The third marker development strategy (the “bioinformatics” approach) employed a computational workflow to identify candidate marker sequences. A series of sequence alignments were used to identify regions sharing high sequence identity between C. pseudonaviculata and C. henricotiae but low sequence identity to the non-target outgroup genomes. Of the 24 candidate sequences selected by the pipeline, two were rejected as poor primer targets. Running BLASTx using the non-redundant database returned seven targets with no hits, and a wide-range of results for the other sequences (Table 2).
Altogether, 32 candidate markers were identified and examined for specificity using the three different marker development strategies (Supplementary Table S1). First, primers were evaluated by conventional PCR reactions using the outer primers F3 and B3 to assess amplicon production and by using gDNA from three non-target organisms—C. chinensis, D. macrodidyma, and Trichoderma harzianum—to broadly assess specificity. Second, each of the 32 candidate markers was evaluated in conventional LAMP reactions using the full set of six primers per set. Calonectria pseudonaviculata CBS 139707 and water were used as positive and negative controls, respectively, for both evaluations (Supplementary Table S1). Primers used in these tests are listed in Tables 3 and S2. These preliminary analyses resulted in four primers sets—P.17, P.38, P.25.4 and P.24—with desirable characteristics for diagnostics, in that they: (i) did not show false positive amplifications with the outgroups tested; (ii) consistently resulted in positive/bright bands amplified from the positive control; and (iii) produced neither background nor amplification, caused by primer dimerization, from the negative control (summarized in Supplementary Table S1). To further assess the robustness of P.17, P.38, P.25.4 and P.241 primers, gDNA extracted from a defined, heterogeneous mixture of fungi present in boxwood environments was evaluated; no false positives were observed. Volutella pachysandra and V. buxi were also tested since they are economically important and widespread pathogens and endophytes of the Buxaceae family24,25,26; no false positive amplifications were observed when gDNA of these species was screened using the four LAMP primer sets (Table 1, Supplementary Table S1). Finally, following sensitivity evaluation using C. pseudonaviculata gDNA as the control, primer sets P.38, P.25.4 and P.241 were chosen for full testing for identification of the boxwood blight fungi.

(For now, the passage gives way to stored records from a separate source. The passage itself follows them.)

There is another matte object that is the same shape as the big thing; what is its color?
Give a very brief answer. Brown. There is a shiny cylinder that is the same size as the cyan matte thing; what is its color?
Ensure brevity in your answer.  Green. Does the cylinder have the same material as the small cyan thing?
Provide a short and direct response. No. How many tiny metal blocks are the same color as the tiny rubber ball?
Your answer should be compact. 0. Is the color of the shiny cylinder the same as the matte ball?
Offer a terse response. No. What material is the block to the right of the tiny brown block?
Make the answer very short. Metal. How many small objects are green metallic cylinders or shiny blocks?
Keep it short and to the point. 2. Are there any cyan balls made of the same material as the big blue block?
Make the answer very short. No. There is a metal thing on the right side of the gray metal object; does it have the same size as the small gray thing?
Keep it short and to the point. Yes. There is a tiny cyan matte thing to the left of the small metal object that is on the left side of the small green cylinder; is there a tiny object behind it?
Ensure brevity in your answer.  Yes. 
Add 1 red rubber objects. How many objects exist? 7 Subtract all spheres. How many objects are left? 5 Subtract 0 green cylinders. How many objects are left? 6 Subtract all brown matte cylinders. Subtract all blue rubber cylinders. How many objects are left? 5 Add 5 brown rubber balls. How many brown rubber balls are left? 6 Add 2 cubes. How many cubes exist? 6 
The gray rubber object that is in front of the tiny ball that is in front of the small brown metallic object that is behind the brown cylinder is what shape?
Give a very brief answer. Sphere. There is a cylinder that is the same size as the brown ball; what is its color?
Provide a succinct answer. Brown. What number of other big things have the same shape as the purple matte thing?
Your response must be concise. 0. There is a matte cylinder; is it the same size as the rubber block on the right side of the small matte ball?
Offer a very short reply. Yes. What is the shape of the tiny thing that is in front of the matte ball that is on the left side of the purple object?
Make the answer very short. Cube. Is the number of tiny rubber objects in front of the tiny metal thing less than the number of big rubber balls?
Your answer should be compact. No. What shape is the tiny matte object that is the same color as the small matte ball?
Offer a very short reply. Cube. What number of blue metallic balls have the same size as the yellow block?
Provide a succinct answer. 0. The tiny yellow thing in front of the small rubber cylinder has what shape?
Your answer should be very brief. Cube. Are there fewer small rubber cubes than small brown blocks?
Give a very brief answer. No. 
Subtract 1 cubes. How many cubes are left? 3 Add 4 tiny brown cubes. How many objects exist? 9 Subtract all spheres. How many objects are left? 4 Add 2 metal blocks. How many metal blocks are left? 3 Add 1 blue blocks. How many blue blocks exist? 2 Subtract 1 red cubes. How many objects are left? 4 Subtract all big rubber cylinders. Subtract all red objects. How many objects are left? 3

LAMP assay specificity and sensitivity
Primer set P.38 targets a unique 539 bp non-coding sequence that showed 100% identity between C. pseudonaviculata and C. henricotiae and was not present in the outgroup genomes. Using the Conserved Domain Database (CDD) search27,28, the putative genes located at the 5′ and 3′ ends of the marker were predicted to possess epoxide hydrolase and glycosil transferase domains, respectively. Analysis of the primer set P.25.4, which targets a patatin-like phospholipase, showed that the binding sites were highly conserved between C. pseudonaviculata and C. henricotiae, with only two single-nucleotide polymorphisms (SNPs) among them. The primer binding sites were polymorphic compared to the outgroup species: 44 SNPs were observed between C. pseudonaviculata and C. naviculata, and 44 SNPs were observed between C. pseudonaviculata and C. leucothoës. This sequence was not found in the D. macrodidyma genome. Alignment of the corresponding region of P.241 revealed 99.3% shared sequence identity between C. pseudonaviculata and C. henricotiae. A BLASTx analysis identified the region as part of a predicted protein containing a conserved RNA recognition motif.

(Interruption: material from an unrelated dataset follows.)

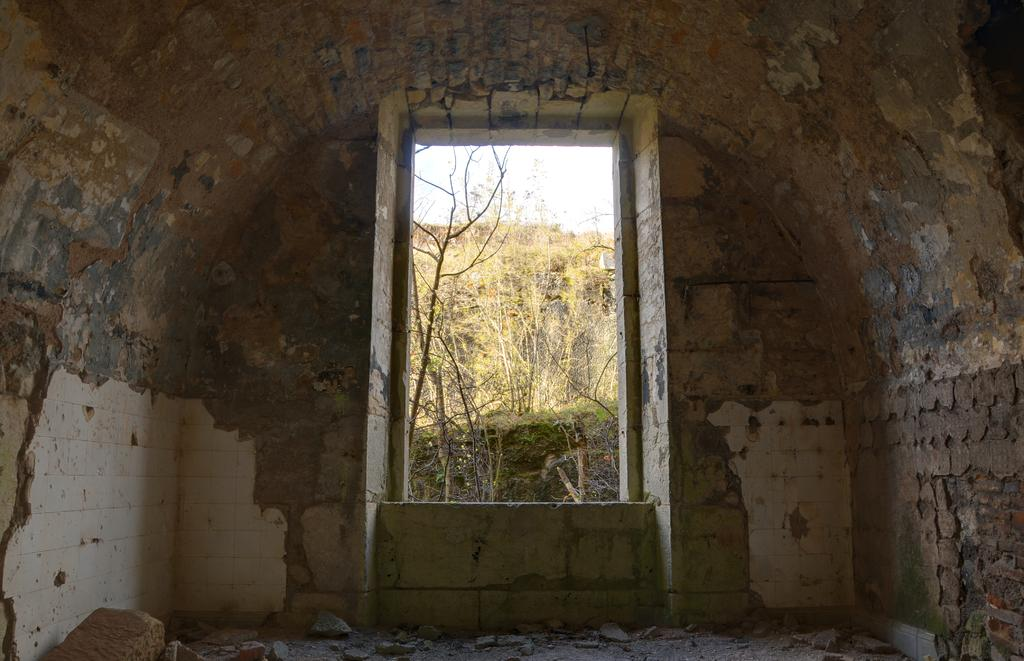What type of structure is present in the image? There is a building in the image. Can you describe any specific features of the building? There is a window in the image, which is a feature of the building. What can be seen in the background of the image? Trees are visible in the background of the image. What type of material is used for the wall in the image? There is a brick wall in the image. How would you describe the color of the sky in the image? The sky appears to be white in color. Can you tell me how many quince are hanging from the trees in the image? There are no quince visible in the image; only trees are present in the background. What type of mineral can be seen in the image? There is no mineral present in the image; it features a building, a window, trees, a brick wall, and a white sky. 
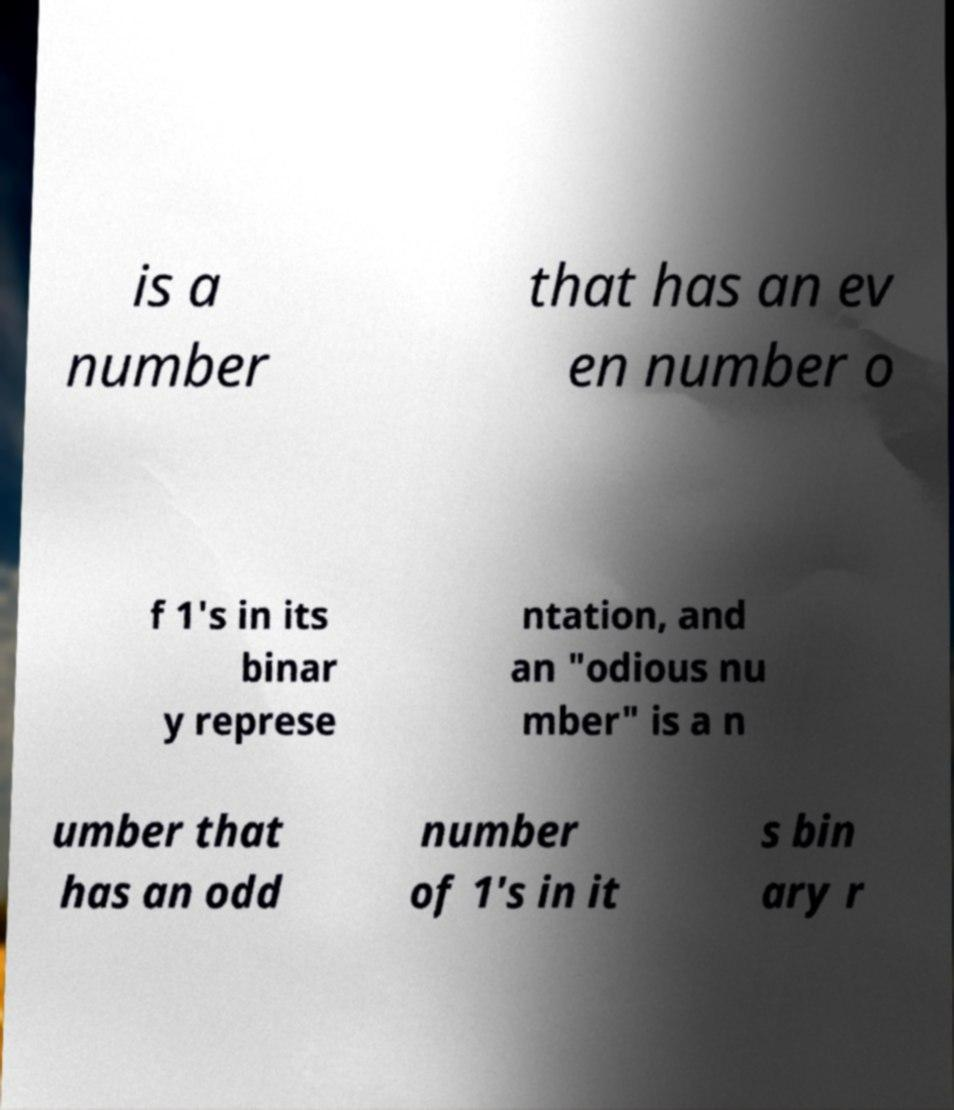Could you extract and type out the text from this image? is a number that has an ev en number o f 1's in its binar y represe ntation, and an "odious nu mber" is a n umber that has an odd number of 1's in it s bin ary r

To assess the robustness of the three LAMP primer sets, 20 isolates of C. pseudonaviculata and C. henricotiae belonging to the most common simple sequence repeat genotypes (G1MG1 – G1MG4 and G2)29 and from a wide range of geographic regions were tested (Table 1). LAMP assays of these 20 isolates using the three primer sets showed clear and consistent positive results for all samples evaluated, and distinctive patterns of ladder-like fragments were observed from each primer set (Fig. 2). No amplifications were observed when DNA was not added to the assays. Next, 11 additional Calonectria spp. isolated from soil and different host plants were examined using the assays (Table 1). No cross-reactivity was observed in reactions with primer sets P.38 and P.25.4. However, primer set P.241 amplified DNA from C. densa and C. pini, but not from the other nine Calonectria spp. assessed in this study. To further test the specificity of the LAMP assays, 18 boxwood rhizosphere samples from the U.S. National Arboretum (USNA) were evaluated. These rhizosphere samples contained a diverse collection of 445 fungal taxa, including species of Bionectria, Cyanonectria, Cylindrocarpon, Chaetomium, Dactylonectria, Fusarium, Nectria and Trichoderma14. No false positive results were obtained from the three LAMP sets (Table 4) when used to screen these samples, confirming the robustness of these assays.
To determine the sensitivity of the LAMP assays, primer sets were tested against serial dilutions of C. pseudonaviculata CBS 139707 gDNA that were prepared from concentrations determined using a Qubit 2.0 fluorometer (Life Technologies). The detection limit was 100 pg per reaction for all three assays.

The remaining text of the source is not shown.